FMR Romney Adviser Dan Senor Says Trump Does Not Have ‘Real Presidential Campaign’

Last updated on July 17th, 2023 at 09:06 pm

Dan Senor, who served as senior adviser to the Romney-Ryan campaign, told CBS This Morning on Monday that Donald Trump does not have a “real presidential campaign.”

Asked by co-host Norah O’Donnell about Trump’s major immigration speech on Wednesday, Senor was skeptical about its effectiveness, saying “they’re trying to reach white educated suburban middle class” and “upper middle class” voters in the suburbs. Not exactly a demographic that will help Trump with the Hispanic vote.

Watch courtesy of CBS News:

NORAH O’DONNELL (CO-HOST): And Donald Trump saying he is going to finally give this major speech [on immigration] on Wednesday.
 
DAN SENOR: Right.
 
O’DONNELL: Supposedly clarifying this, but isn’t this muddling of the issue just bringing more attention what is a divisive issue for someone who’s trying to gain Hispanic voters?
 
DAN SENOR: Absolutely.

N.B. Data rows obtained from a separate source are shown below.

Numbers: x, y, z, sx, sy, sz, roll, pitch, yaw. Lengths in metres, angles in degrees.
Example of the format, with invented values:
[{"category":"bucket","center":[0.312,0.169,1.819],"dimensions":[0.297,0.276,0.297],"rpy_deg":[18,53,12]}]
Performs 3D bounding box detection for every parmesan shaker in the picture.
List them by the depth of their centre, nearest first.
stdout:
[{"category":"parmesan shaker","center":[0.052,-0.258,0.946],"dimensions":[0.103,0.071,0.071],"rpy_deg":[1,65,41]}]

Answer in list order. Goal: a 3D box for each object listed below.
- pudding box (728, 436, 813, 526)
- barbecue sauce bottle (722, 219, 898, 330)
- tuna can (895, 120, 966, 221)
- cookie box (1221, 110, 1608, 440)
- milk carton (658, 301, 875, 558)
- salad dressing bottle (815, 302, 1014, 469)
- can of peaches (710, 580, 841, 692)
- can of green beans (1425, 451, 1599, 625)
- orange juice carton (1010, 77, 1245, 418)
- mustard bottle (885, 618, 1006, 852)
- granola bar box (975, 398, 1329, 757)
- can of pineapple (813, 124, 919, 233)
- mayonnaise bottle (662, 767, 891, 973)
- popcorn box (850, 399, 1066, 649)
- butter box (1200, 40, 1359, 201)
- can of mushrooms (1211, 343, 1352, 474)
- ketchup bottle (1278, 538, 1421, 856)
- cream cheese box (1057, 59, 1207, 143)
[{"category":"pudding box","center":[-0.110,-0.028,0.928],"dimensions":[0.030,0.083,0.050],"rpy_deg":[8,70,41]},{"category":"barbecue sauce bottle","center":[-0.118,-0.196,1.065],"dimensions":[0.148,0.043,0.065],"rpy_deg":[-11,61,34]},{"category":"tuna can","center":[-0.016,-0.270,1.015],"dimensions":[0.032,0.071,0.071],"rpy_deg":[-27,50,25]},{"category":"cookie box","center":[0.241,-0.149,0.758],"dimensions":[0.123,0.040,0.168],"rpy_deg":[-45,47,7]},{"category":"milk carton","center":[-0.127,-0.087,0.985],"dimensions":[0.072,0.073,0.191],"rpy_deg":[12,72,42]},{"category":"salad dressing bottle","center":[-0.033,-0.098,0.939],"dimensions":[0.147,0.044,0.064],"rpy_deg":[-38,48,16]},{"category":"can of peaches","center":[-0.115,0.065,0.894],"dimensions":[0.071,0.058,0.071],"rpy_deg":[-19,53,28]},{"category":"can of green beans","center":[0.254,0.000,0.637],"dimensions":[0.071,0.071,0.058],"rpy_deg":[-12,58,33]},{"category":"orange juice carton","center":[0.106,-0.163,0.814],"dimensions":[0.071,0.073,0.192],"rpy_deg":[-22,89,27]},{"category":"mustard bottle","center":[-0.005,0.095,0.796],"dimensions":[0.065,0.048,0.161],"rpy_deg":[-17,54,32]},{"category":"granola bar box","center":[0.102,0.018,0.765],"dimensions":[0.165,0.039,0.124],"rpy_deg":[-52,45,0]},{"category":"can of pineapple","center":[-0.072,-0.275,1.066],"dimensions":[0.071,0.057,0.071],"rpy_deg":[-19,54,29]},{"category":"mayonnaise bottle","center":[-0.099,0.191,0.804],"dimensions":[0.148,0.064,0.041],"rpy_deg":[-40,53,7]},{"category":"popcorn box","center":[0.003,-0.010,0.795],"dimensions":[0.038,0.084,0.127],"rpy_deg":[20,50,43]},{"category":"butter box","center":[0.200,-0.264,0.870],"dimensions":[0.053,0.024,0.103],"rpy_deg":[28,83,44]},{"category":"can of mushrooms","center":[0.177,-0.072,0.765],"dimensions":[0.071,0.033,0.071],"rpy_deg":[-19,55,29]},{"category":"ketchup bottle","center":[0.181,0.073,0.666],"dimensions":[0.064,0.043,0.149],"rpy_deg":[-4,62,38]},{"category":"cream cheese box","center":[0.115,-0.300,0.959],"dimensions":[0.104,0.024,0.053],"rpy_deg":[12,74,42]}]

Look, I don’t think they believe they’re actually going to reach significant numbers of Latino voters. I think they’re trying to reach white educated suburban middle class, upper middle class in the suburbs and exurbs where they’re suffering and Republicans can’t win without those voters. So they’re trying to calm those voters down to say, “Look, we’re not as crazy and xenophobic as the media or our opponents say we are.” But it also — just this uncertainty about his position. You guys just showed earlier on the show clips of his surrogates on TV all over the weekend. No two of them said the same thing about his immigration plan. It just speaks to the strains of not having a real presidential campaign. When you have a real presidential campaign, you have surrogates, you roll out policy, you coordinate. There’s none of that going on and it’s chaos.

Chaos indeed, as he hires white supremacist Steve Bannon as his campaign CEO right before telling black voters he wants to be their champion, leaving even experts uncertain as to what he is actually saying from one minute to the next.

Immigration will obviously be a major topic at any debate with Hillary Clinton. Yet not only does Donald Trump not have a cohesive immigration policy, but he is declining to have mock debates. Perhaps he intends to rely, as he did in the GOP debates, on bluster and bullying, but that will not work with Hillary Clinton, who does have a real presidential campaign. Donald Trump has major problems, and he is not doing anything about those problems even as he prepares to go into the toughest fight of his very short political career.